═════ EXCERPTED DATA

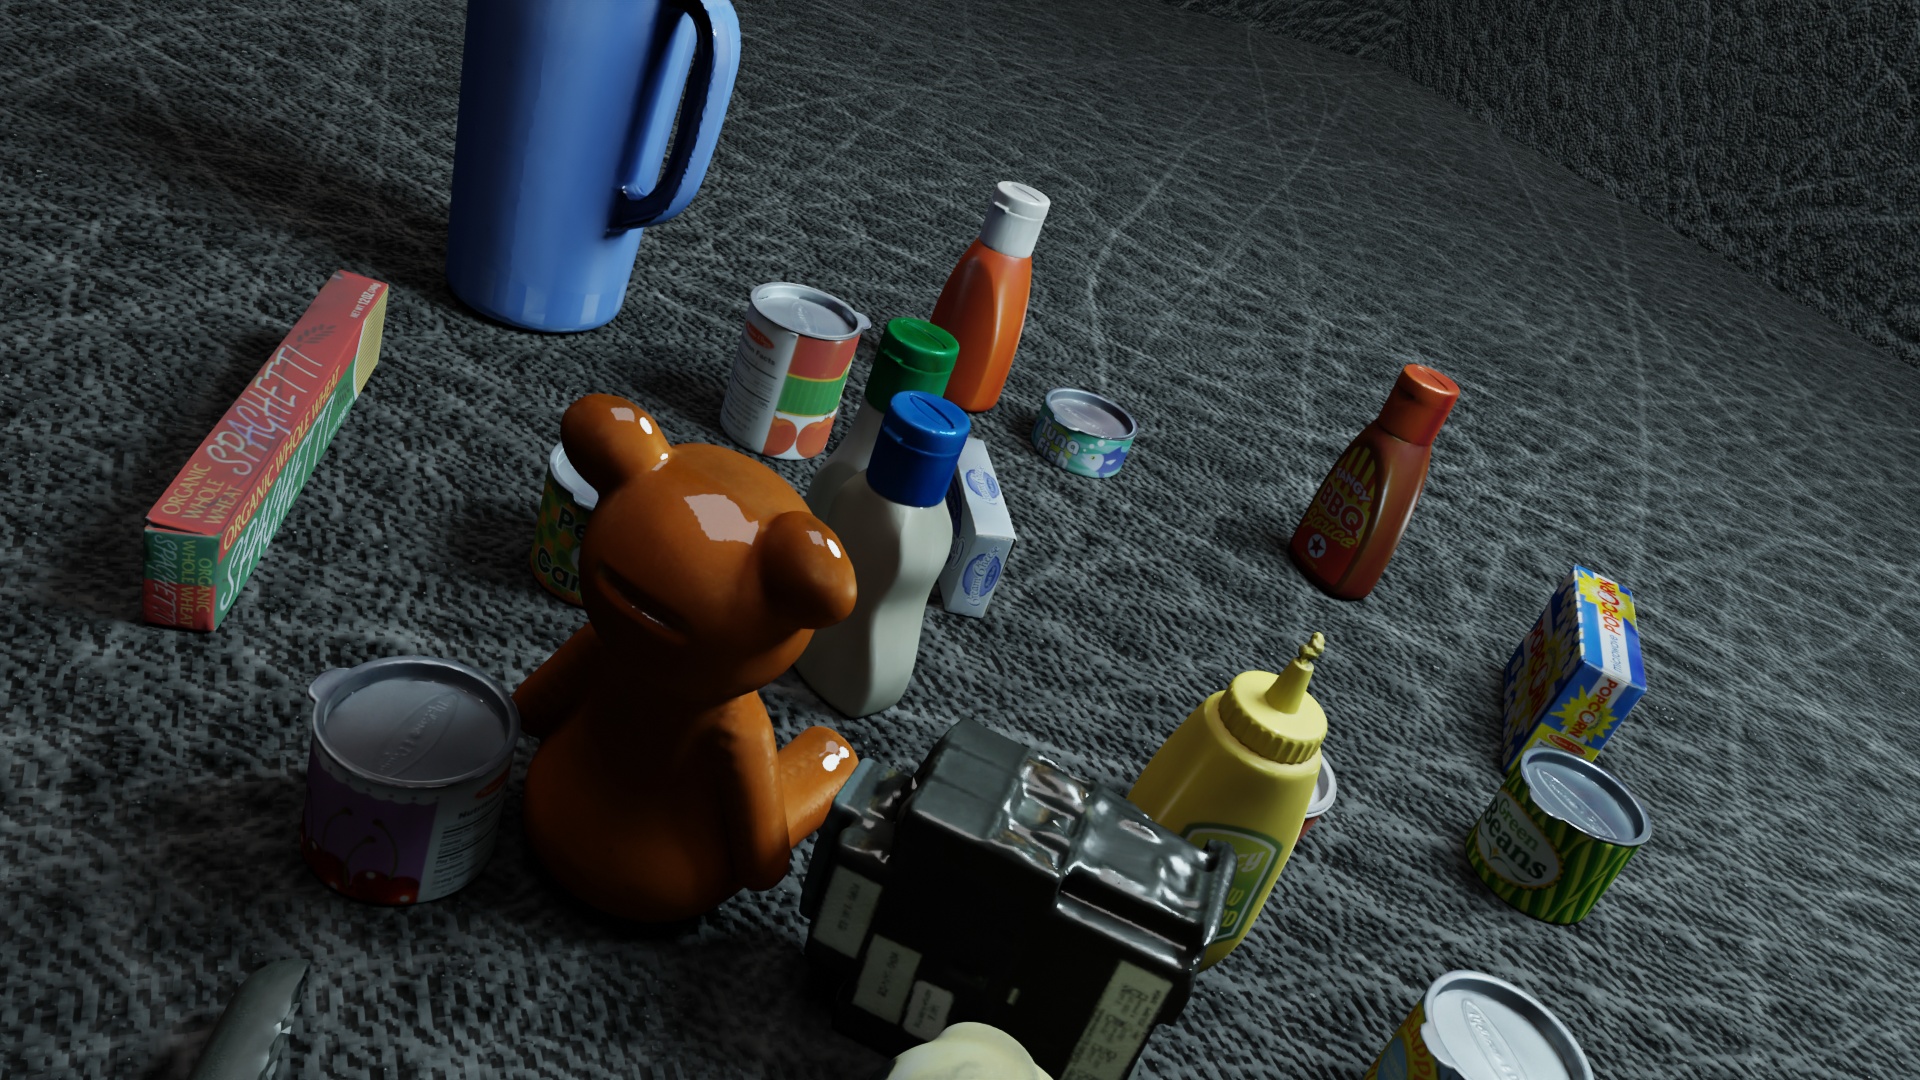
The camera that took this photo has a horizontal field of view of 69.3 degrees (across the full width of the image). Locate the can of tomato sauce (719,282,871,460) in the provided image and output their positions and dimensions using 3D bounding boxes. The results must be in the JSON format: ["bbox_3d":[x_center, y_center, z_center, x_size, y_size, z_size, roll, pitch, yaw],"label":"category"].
[{"bbox_3d":[-0.098,-0.098,0.812,0.071,0.082,0.071,16,30,-9],"label":"can of tomato sauce"}]

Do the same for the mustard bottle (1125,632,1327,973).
[{"bbox_3d":[0.101,0.100,0.537,0.065,0.159,0.049,14,30,-12],"label":"mustard bottle"}]

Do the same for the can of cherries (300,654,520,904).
[{"bbox_3d":[-0.194,0.082,0.484,0.071,0.058,0.072,16,30,-9],"label":"can of cherries"}]

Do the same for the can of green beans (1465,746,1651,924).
[{"bbox_3d":[0.293,0.145,0.684,0.071,0.057,0.071,16,30,-9],"label":"can of green beans"}]

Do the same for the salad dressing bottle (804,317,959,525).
[{"bbox_3d":[-0.040,-0.037,0.683,0.064,0.147,0.044,37,33,26],"label":"salad dressing bottle"}]

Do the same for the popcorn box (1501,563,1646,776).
[{"bbox_3d":[0.350,0.079,0.799,0.038,0.084,0.127,26,30,9],"label":"popcorn box"}]

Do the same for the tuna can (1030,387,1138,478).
[{"bbox_3d":[0.081,-0.072,0.930,0.071,0.032,0.071,16,30,-9],"label":"tuna can"}]

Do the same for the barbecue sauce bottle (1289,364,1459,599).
[{"bbox_3d":[0.262,-0.038,0.872,0.044,0.147,0.065,3,34,-29],"label":"barbecue sauce bottle"}]

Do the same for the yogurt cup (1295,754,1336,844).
[{"bbox_3d":[0.128,0.117,0.631,0.072,0.053,0.073,16,30,-9],"label":"yogurt cup"}]

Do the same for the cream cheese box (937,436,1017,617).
[{"bbox_3d":[0.003,-0.010,0.760,0.024,0.053,0.104,11,31,-18],"label":"cream cheese box"}]

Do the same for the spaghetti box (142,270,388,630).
[{"bbox_3d":[-0.311,-0.052,0.637,0.029,0.050,0.251,13,31,-14],"label":"spaghetti box"}]

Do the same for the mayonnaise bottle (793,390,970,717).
[{"bbox_3d":[-0.034,0.006,0.618,0.041,0.147,0.065,-12,43,-44],"label":"mayonnaise bottle"}]

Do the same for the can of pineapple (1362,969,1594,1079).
[{"bbox_3d":[0.190,0.206,0.522,0.071,0.057,0.071,16,30,-9],"label":"can of pineapple"}]

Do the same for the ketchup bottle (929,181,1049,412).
[{"bbox_3d":[0.017,-0.162,0.922,0.065,0.148,0.044,39,34,28],"label":"ketchup bottle"}]

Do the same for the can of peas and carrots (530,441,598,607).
[{"bbox_3d":[-0.164,-0.007,0.648,0.071,0.058,0.071,16,30,-9],"label":"can of peas and carrots"}]

══════════

DESCRIPTION OF THE TASK – Return every record above exactly as written, but drop the pictures.

EXERCISE RESPONSE –
The camera that took this photo has a horizontal field of view of 69.3 degrees (across the full width of the image). Locate the can of tomato sauce (719,282,871,460) in the provided image and output their positions and dimensions using 3D bounding boxes. The results must be in the JSON format: ["bbox_3d":[x_center, y_center, z_center, x_size, y_size, z_size, roll, pitch, yaw],"label":"category"].
[{"bbox_3d":[-0.098,-0.098,0.812,0.071,0.082,0.071,16,30,-9],"label":"can of tomato sauce"}]

Do the same for the mustard bottle (1125,632,1327,973).
[{"bbox_3d":[0.101,0.100,0.537,0.065,0.159,0.049,14,30,-12],"label":"mustard bottle"}]

Do the same for the can of cherries (300,654,520,904).
[{"bbox_3d":[-0.194,0.082,0.484,0.071,0.058,0.072,16,30,-9],"label":"can of cherries"}]

Do the same for the can of green beans (1465,746,1651,924).
[{"bbox_3d":[0.293,0.145,0.684,0.071,0.057,0.071,16,30,-9],"label":"can of green beans"}]

Do the same for the salad dressing bottle (804,317,959,525).
[{"bbox_3d":[-0.040,-0.037,0.683,0.064,0.147,0.044,37,33,26],"label":"salad dressing bottle"}]

Do the same for the popcorn box (1501,563,1646,776).
[{"bbox_3d":[0.350,0.079,0.799,0.038,0.084,0.127,26,30,9],"label":"popcorn box"}]

Do the same for the tuna can (1030,387,1138,478).
[{"bbox_3d":[0.081,-0.072,0.930,0.071,0.032,0.071,16,30,-9],"label":"tuna can"}]

Do the same for the barbecue sauce bottle (1289,364,1459,599).
[{"bbox_3d":[0.262,-0.038,0.872,0.044,0.147,0.065,3,34,-29],"label":"barbecue sauce bottle"}]

Do the same for the yogurt cup (1295,754,1336,844).
[{"bbox_3d":[0.128,0.117,0.631,0.072,0.053,0.073,16,30,-9],"label":"yogurt cup"}]

Do the same for the cream cheese box (937,436,1017,617).
[{"bbox_3d":[0.003,-0.010,0.760,0.024,0.053,0.104,11,31,-18],"label":"cream cheese box"}]

Do the same for the spaghetti box (142,270,388,630).
[{"bbox_3d":[-0.311,-0.052,0.637,0.029,0.050,0.251,13,31,-14],"label":"spaghetti box"}]

Do the same for the mayonnaise bottle (793,390,970,717).
[{"bbox_3d":[-0.034,0.006,0.618,0.041,0.147,0.065,-12,43,-44],"label":"mayonnaise bottle"}]

Do the same for the can of pineapple (1362,969,1594,1079).
[{"bbox_3d":[0.190,0.206,0.522,0.071,0.057,0.071,16,30,-9],"label":"can of pineapple"}]

Do the same for the ketchup bottle (929,181,1049,412).
[{"bbox_3d":[0.017,-0.162,0.922,0.065,0.148,0.044,39,34,28],"label":"ketchup bottle"}]

Do the same for the can of peas and carrots (530,441,598,607).
[{"bbox_3d":[-0.164,-0.007,0.648,0.071,0.058,0.071,16,30,-9],"label":"can of peas and carrots"}]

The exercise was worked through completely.